See how quickly that
happened?
So, owing to last
week's little “wake-up call", I
thought it would be helpful to reaffirm several points about which I have been
writing during the past few months....a strategy for tackling bad (or any)
markets:
Any professional money
manager worth his/her salt should start the portfolio-building process with a
clear understanding of the account's objectives and tolerances for risk. Too often this one essential is missed, and
you wind up with square pegs trying to fit into round holes. Chasing gains for gain's sake without clearly
understanding the risk factors creates a portfolio full of one-off
transactions, disjointed from any particular philosophy or methodology. And, more importantly, this type of staccato
investing usually leads to the inverse of the outcome you expected. Remember, a good portfolio manager is in the
business of managing client's expectations
about their money as much as they
are managing the money, itself. An
aggressive account allocated too conservatively is just as futile as a
conservative account managed too aggressively.
It is also incumbent
upon all parties to recognize that time
is one of the most critical elements to
any investment program. Typically,
traders have less of it, and less patience for the whole process. These are not good clients for investment
advisors because without time no strategy can be successful, really. Unfortunately, we are in the internet age, in
which everything is supposed to have been done yesterday! That just simply
is not what the investment schematic should be about.
If, in fact, last
week's pullbacks were to represent a harbinger of more negative stock market
news...for whatever reasons might be ascribed....the supposed disaster most
likely would not happen immediately or swiftly.....although it might....and
probably would look more like a steady drift sideways or downwards. Fortunately, the most successful money
managers do not look to compare to specific portfolio benchmarks ("We were
at X value; now we are at X minus 4%.."), but rather maneuver as if they
were navigating a vessel, a route of getting from point A to point B. Most assuredly the progression is not a
linear (straight line) configuration, but wavy with ups and downs along the
way.
Thus,
prudent portfolio stewardship is a matter of consistency of methodology and process rather than consistency of the integer of
results.
Perspective
Overall, the economy
and the financial markets are doing better than a decade ago. The tone has been set by government,
business, and social institutions for a more accommodative climate of economic
revitalization. That doesn't mean that
the angle of ascent will be straight up.
So if last week put a jolt into you, I would observe that you may have
lost perspective about why you invest, how you invest, and with whom you invest.

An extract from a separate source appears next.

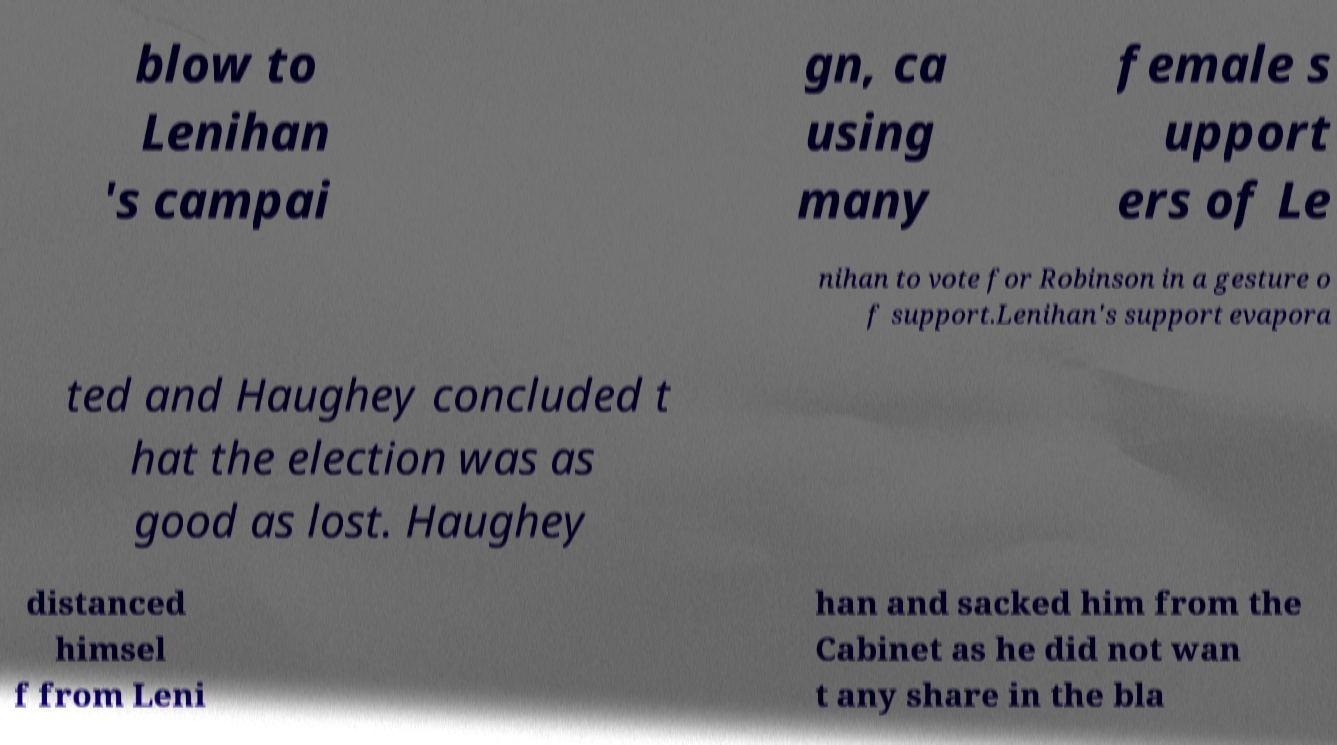Could you assist in decoding the text presented in this image and type it out clearly? blow to Lenihan 's campai gn, ca using many female s upport ers of Le nihan to vote for Robinson in a gesture o f support.Lenihan's support evapora ted and Haughey concluded t hat the election was as good as lost. Haughey distanced himsel f from Leni han and sacked him from the Cabinet as he did not wan t any share in the bla

These issues must always be addressed with your representative to your satisfaction.
Investing must be
thought of as a long term set of probabilities, and as a sequence of balances
and equilibriums, with shifts occurring constantly that require portfolio
fluidity and distribution.
Without a doubt we are
at a confluence where changes in interest rates, inflation, portfolio allocation,
politics, and consumer confidence are redefining the status quo of the building
process begun during the past half-decade.

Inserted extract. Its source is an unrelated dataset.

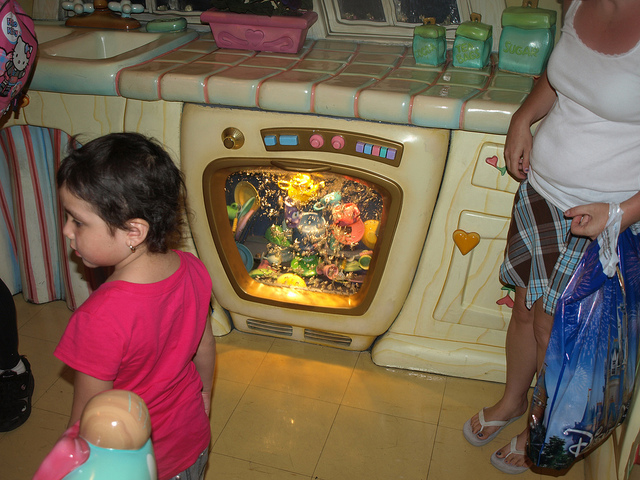How many children are in the photo? 1

To believe disingenuously in an inexorable push upwards of stock valuations,
and other investment prices, is a tenuous proposition. The key to keeping one's sanity during this
period of flux is to be aware of the forces which ebb and flow, prepare for the
inevitable crisis in confidence, and then methodically evaluate one's options
for going forward.
To capture alpha (positive
return) you must prepare for the long-term and stay true to your discipline.
It's not overly
complicated.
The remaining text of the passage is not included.